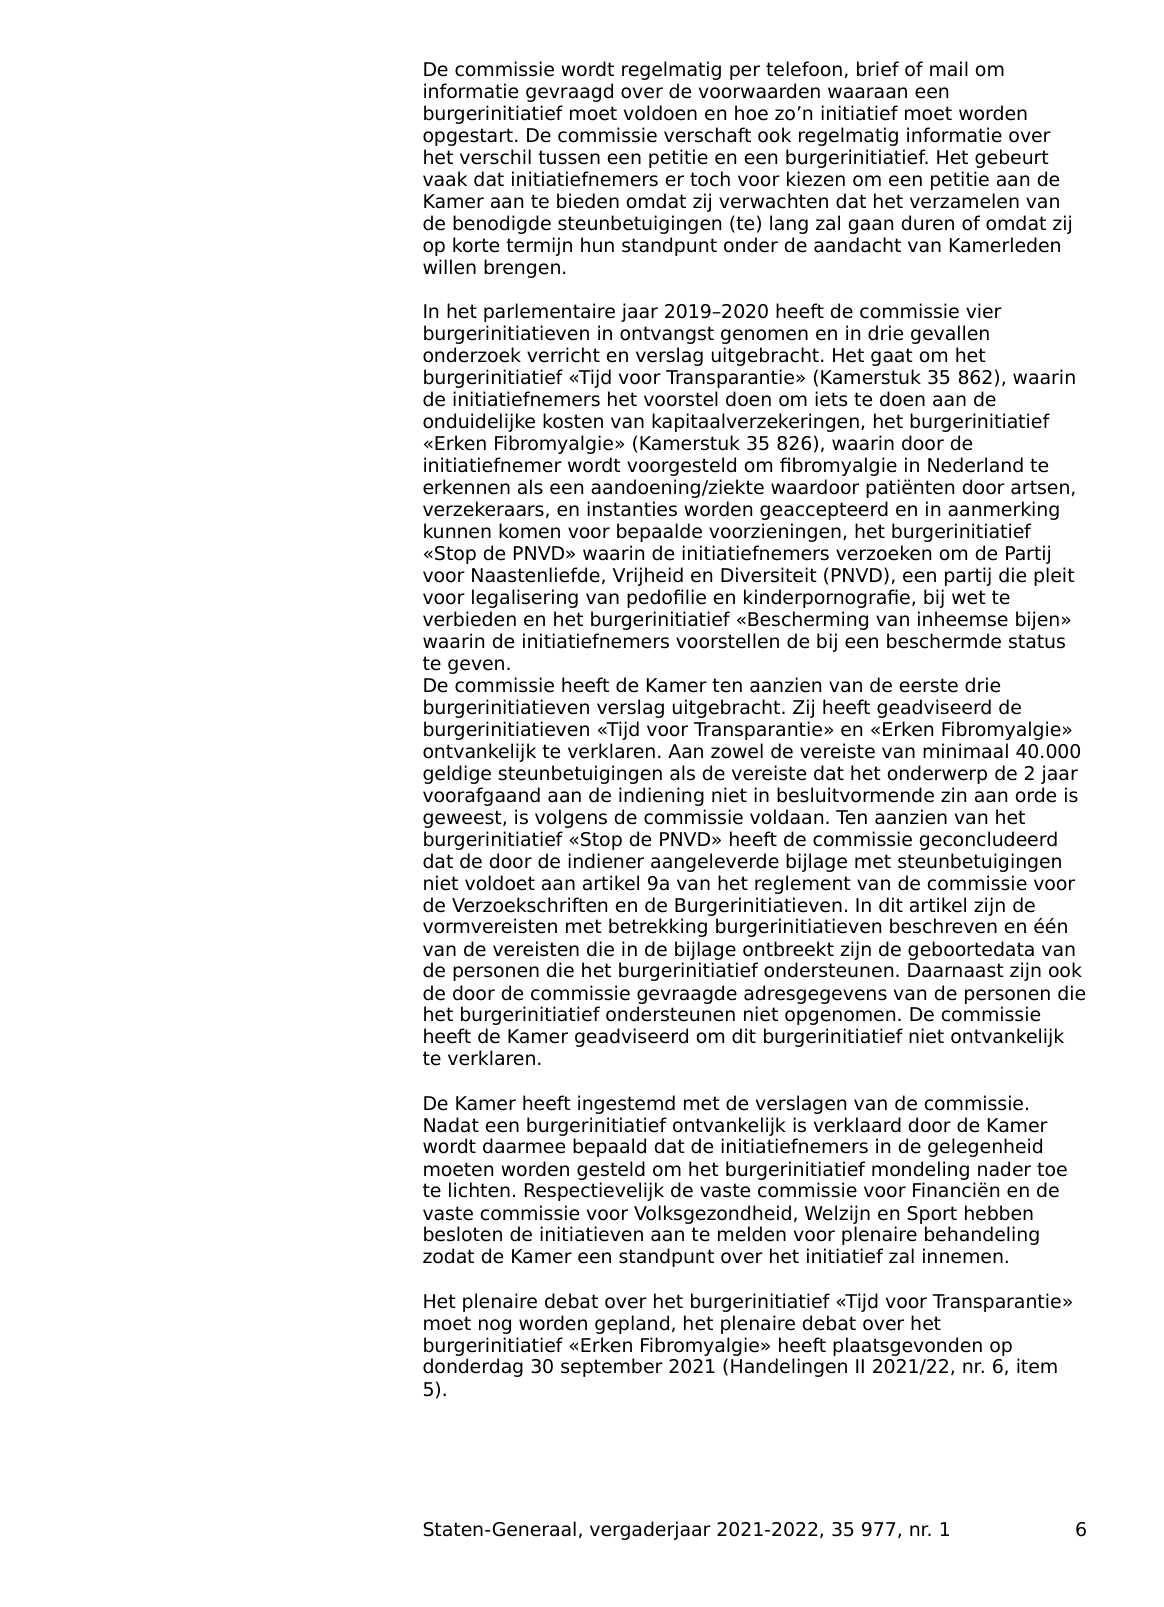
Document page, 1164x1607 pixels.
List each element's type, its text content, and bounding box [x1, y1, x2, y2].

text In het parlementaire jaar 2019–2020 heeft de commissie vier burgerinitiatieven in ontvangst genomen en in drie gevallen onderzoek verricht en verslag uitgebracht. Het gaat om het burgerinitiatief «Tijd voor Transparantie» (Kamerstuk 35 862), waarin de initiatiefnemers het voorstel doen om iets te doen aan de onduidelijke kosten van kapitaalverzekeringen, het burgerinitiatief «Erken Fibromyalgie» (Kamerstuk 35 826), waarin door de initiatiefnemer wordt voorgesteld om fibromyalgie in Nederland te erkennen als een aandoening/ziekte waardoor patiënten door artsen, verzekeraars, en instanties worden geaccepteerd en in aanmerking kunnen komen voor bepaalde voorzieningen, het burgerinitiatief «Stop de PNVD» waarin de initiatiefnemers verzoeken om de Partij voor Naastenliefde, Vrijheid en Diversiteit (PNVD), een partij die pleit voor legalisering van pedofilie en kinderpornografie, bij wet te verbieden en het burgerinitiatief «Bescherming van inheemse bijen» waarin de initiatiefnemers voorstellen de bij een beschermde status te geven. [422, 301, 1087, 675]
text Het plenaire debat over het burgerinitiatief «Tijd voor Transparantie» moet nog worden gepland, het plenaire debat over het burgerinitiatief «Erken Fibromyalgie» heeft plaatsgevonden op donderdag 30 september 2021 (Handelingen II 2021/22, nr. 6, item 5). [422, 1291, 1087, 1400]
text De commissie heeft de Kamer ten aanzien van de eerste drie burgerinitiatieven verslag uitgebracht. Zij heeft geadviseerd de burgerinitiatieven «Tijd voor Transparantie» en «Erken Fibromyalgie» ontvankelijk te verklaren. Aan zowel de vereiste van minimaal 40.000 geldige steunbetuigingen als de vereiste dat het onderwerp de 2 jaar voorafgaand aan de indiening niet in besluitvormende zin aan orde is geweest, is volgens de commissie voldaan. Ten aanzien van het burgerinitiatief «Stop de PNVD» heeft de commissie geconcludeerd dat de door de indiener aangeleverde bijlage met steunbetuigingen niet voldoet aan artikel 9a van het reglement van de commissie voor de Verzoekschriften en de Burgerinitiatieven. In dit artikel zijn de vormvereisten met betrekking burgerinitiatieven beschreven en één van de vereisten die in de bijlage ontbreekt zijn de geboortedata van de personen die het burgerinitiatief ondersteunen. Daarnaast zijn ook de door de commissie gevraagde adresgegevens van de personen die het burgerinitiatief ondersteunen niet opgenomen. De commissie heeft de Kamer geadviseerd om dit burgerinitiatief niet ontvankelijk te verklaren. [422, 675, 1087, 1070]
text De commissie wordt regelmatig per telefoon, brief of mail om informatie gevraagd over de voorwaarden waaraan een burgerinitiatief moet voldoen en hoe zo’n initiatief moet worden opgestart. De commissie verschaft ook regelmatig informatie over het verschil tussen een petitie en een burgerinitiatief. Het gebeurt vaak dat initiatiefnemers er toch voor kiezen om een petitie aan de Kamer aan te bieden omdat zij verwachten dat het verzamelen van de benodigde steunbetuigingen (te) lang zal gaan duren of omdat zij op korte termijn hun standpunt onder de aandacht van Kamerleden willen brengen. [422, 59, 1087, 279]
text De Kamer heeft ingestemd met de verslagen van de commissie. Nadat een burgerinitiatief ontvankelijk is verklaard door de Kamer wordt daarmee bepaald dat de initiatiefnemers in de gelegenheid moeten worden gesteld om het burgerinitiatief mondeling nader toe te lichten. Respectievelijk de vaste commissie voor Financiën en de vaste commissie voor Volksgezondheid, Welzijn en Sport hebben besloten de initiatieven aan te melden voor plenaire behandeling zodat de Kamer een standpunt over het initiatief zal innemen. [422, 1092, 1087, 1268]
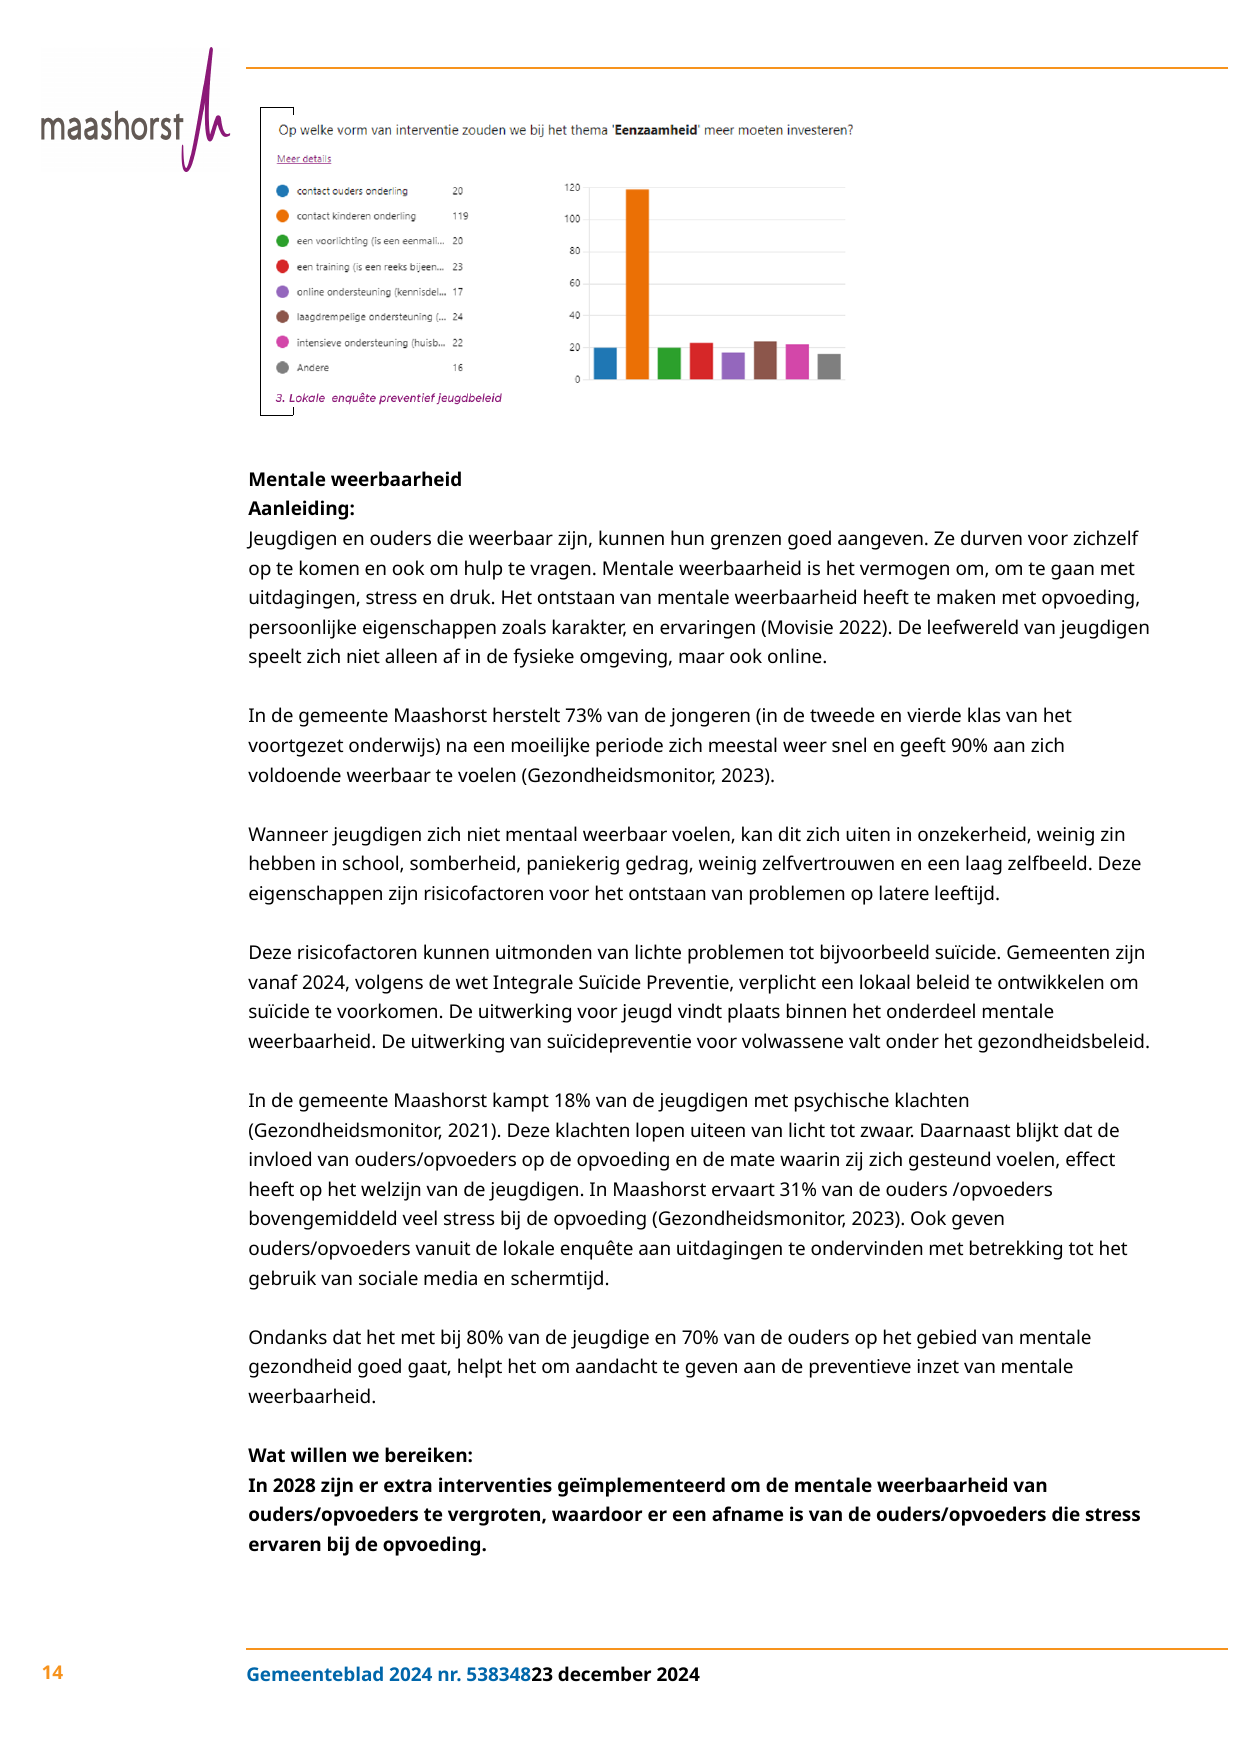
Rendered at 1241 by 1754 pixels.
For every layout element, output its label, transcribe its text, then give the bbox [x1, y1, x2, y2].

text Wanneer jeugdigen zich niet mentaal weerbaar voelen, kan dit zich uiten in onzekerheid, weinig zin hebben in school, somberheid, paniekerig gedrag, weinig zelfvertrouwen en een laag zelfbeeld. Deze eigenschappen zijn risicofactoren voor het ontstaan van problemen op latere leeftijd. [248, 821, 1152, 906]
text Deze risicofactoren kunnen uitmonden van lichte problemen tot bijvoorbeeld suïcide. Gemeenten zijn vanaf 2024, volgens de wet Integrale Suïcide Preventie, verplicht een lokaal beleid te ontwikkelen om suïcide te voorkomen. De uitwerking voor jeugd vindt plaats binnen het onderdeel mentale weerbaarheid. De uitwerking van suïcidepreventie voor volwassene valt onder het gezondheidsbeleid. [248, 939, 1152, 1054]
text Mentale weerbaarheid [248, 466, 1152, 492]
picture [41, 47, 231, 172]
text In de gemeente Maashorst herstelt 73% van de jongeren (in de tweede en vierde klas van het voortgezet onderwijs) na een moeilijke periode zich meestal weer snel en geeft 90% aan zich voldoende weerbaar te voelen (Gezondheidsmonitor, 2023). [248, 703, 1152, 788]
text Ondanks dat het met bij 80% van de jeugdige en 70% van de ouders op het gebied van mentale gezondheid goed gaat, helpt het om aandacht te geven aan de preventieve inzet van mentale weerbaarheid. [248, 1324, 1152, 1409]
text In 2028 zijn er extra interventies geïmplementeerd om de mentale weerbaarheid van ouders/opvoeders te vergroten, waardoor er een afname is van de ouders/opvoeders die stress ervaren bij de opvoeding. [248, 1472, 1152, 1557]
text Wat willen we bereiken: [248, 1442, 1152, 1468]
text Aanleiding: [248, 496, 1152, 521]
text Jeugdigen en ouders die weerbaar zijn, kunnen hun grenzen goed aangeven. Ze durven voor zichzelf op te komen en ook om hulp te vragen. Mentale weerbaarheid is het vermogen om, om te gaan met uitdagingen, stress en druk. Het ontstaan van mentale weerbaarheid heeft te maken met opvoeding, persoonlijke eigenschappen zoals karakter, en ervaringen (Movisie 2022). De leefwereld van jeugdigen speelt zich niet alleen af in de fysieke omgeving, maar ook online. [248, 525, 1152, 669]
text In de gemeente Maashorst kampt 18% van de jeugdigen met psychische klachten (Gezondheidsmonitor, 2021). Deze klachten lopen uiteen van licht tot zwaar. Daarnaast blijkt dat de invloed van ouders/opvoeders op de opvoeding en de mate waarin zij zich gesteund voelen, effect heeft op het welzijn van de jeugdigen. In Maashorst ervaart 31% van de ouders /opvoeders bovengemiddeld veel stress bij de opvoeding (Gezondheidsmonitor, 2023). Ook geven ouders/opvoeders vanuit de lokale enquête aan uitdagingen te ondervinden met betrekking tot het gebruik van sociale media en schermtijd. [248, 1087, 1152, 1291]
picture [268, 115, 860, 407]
────
EXERCISE REQUIREMENTS
No pictures belong in the copy. Repeat the listing above exactly.

RESULT BELOW
Document page, 1164x1607 pixels.
List each element's type, its text content, and bounding box [x1, y1, x2, y2].

text In het parlementaire jaar 2019–2020 heeft de commissie vier burgerinitiatieven in ontvangst genomen en in drie gevallen onderzoek verricht en verslag uitgebracht. Het gaat om het burgerinitiatief «Tijd voor Transparantie» (Kamerstuk 35 862), waarin de initiatiefnemers het voorstel doen om iets te doen aan de onduidelijke kosten van kapitaalverzekeringen, het burgerinitiatief «Erken Fibromyalgie» (Kamerstuk 35 826), waarin door de initiatiefnemer wordt voorgesteld om fibromyalgie in Nederland te erkennen als een aandoening/ziekte waardoor patiënten door artsen, verzekeraars, en instanties worden geaccepteerd en in aanmerking kunnen komen voor bepaalde voorzieningen, het burgerinitiatief «Stop de PNVD» waarin de initiatiefnemers verzoeken om de Partij voor Naastenliefde, Vrijheid en Diversiteit (PNVD), een partij die pleit voor legalisering van pedofilie en kinderpornografie, bij wet te verbieden en het burgerinitiatief «Bescherming van inheemse bijen» waarin de initiatiefnemers voorstellen de bij een beschermde status te geven. [422, 301, 1087, 675]
text Het plenaire debat over het burgerinitiatief «Tijd voor Transparantie» moet nog worden gepland, het plenaire debat over het burgerinitiatief «Erken Fibromyalgie» heeft plaatsgevonden op donderdag 30 september 2021 (Handelingen II 2021/22, nr. 6, item 5). [422, 1291, 1087, 1400]
text De commissie heeft de Kamer ten aanzien van de eerste drie burgerinitiatieven verslag uitgebracht. Zij heeft geadviseerd de burgerinitiatieven «Tijd voor Transparantie» en «Erken Fibromyalgie» ontvankelijk te verklaren. Aan zowel de vereiste van minimaal 40.000 geldige steunbetuigingen als de vereiste dat het onderwerp de 2 jaar voorafgaand aan de indiening niet in besluitvormende zin aan orde is geweest, is volgens de commissie voldaan. Ten aanzien van het burgerinitiatief «Stop de PNVD» heeft de commissie geconcludeerd dat de door de indiener aangeleverde bijlage met steunbetuigingen niet voldoet aan artikel 9a van het reglement van de commissie voor de Verzoekschriften en de Burgerinitiatieven. In dit artikel zijn de vormvereisten met betrekking burgerinitiatieven beschreven en één van de vereisten die in de bijlage ontbreekt zijn de geboortedata van de personen die het burgerinitiatief ondersteunen. Daarnaast zijn ook de door de commissie gevraagde adresgegevens van de personen die het burgerinitiatief ondersteunen niet opgenomen. De commissie heeft de Kamer geadviseerd om dit burgerinitiatief niet ontvankelijk te verklaren. [422, 675, 1087, 1070]
text De commissie wordt regelmatig per telefoon, brief of mail om informatie gevraagd over de voorwaarden waaraan een burgerinitiatief moet voldoen en hoe zo’n initiatief moet worden opgestart. De commissie verschaft ook regelmatig informatie over het verschil tussen een petitie en een burgerinitiatief. Het gebeurt vaak dat initiatiefnemers er toch voor kiezen om een petitie aan de Kamer aan te bieden omdat zij verwachten dat het verzamelen van de benodigde steunbetuigingen (te) lang zal gaan duren of omdat zij op korte termijn hun standpunt onder de aandacht van Kamerleden willen brengen. [422, 59, 1087, 279]
text De Kamer heeft ingestemd met de verslagen van de commissie. Nadat een burgerinitiatief ontvankelijk is verklaard door de Kamer wordt daarmee bepaald dat de initiatiefnemers in de gelegenheid moeten worden gesteld om het burgerinitiatief mondeling nader toe te lichten. Respectievelijk de vaste commissie voor Financiën en de vaste commissie voor Volksgezondheid, Welzijn en Sport hebben besloten de initiatieven aan te melden voor plenaire behandeling zodat de Kamer een standpunt over het initiatief zal innemen. [422, 1092, 1087, 1268]
Rendered at 1241 by 1754 pixels.
For every layout element, output its label, transcribe its text, then give the bbox [x1, y1, x2, y2].

text Wanneer jeugdigen zich niet mentaal weerbaar voelen, kan dit zich uiten in onzekerheid, weinig zin hebben in school, somberheid, paniekerig gedrag, weinig zelfvertrouwen en een laag zelfbeeld. Deze eigenschappen zijn risicofactoren voor het ontstaan van problemen op latere leeftijd. [248, 821, 1152, 906]
text Deze risicofactoren kunnen uitmonden van lichte problemen tot bijvoorbeeld suïcide. Gemeenten zijn vanaf 2024, volgens de wet Integrale Suïcide Preventie, verplicht een lokaal beleid te ontwikkelen om suïcide te voorkomen. De uitwerking voor jeugd vindt plaats binnen het onderdeel mentale weerbaarheid. De uitwerking van suïcidepreventie voor volwassene valt onder het gezondheidsbeleid. [248, 939, 1152, 1054]
text Mentale weerbaarheid [248, 466, 1152, 492]
picture [41, 47, 231, 172]
text In de gemeente Maashorst herstelt 73% van de jongeren (in de tweede en vierde klas van het voortgezet onderwijs) na een moeilijke periode zich meestal weer snel en geeft 90% aan zich voldoende weerbaar te voelen (Gezondheidsmonitor, 2023). [248, 703, 1152, 788]
text Ondanks dat het met bij 80% van de jeugdige en 70% van de ouders op het gebied van mentale gezondheid goed gaat, helpt het om aandacht te geven aan de preventieve inzet van mentale weerbaarheid. [248, 1324, 1152, 1409]
text In 2028 zijn er extra interventies geïmplementeerd om de mentale weerbaarheid van ouders/opvoeders te vergroten, waardoor er een afname is van de ouders/opvoeders die stress ervaren bij de opvoeding. [248, 1472, 1152, 1557]
text Wat willen we bereiken: [248, 1442, 1152, 1468]
text Aanleiding: [248, 496, 1152, 521]
text Jeugdigen en ouders die weerbaar zijn, kunnen hun grenzen goed aangeven. Ze durven voor zichzelf op te komen en ook om hulp te vragen. Mentale weerbaarheid is het vermogen om, om te gaan met uitdagingen, stress en druk. Het ontstaan van mentale weerbaarheid heeft te maken met opvoeding, persoonlijke eigenschappen zoals karakter, en ervaringen (Movisie 2022). De leefwereld van jeugdigen speelt zich niet alleen af in de fysieke omgeving, maar ook online. [248, 525, 1152, 669]
text In de gemeente Maashorst kampt 18% van de jeugdigen met psychische klachten (Gezondheidsmonitor, 2021). Deze klachten lopen uiteen van licht tot zwaar. Daarnaast blijkt dat de invloed van ouders/opvoeders op de opvoeding en de mate waarin zij zich gesteund voelen, effect heeft op het welzijn van de jeugdigen. In Maashorst ervaart 31% van de ouders /opvoeders bovengemiddeld veel stress bij de opvoeding (Gezondheidsmonitor, 2023). Ook geven ouders/opvoeders vanuit de lokale enquête aan uitdagingen te ondervinden met betrekking tot het gebruik van sociale media en schermtijd. [248, 1087, 1152, 1291]
picture [268, 115, 860, 407]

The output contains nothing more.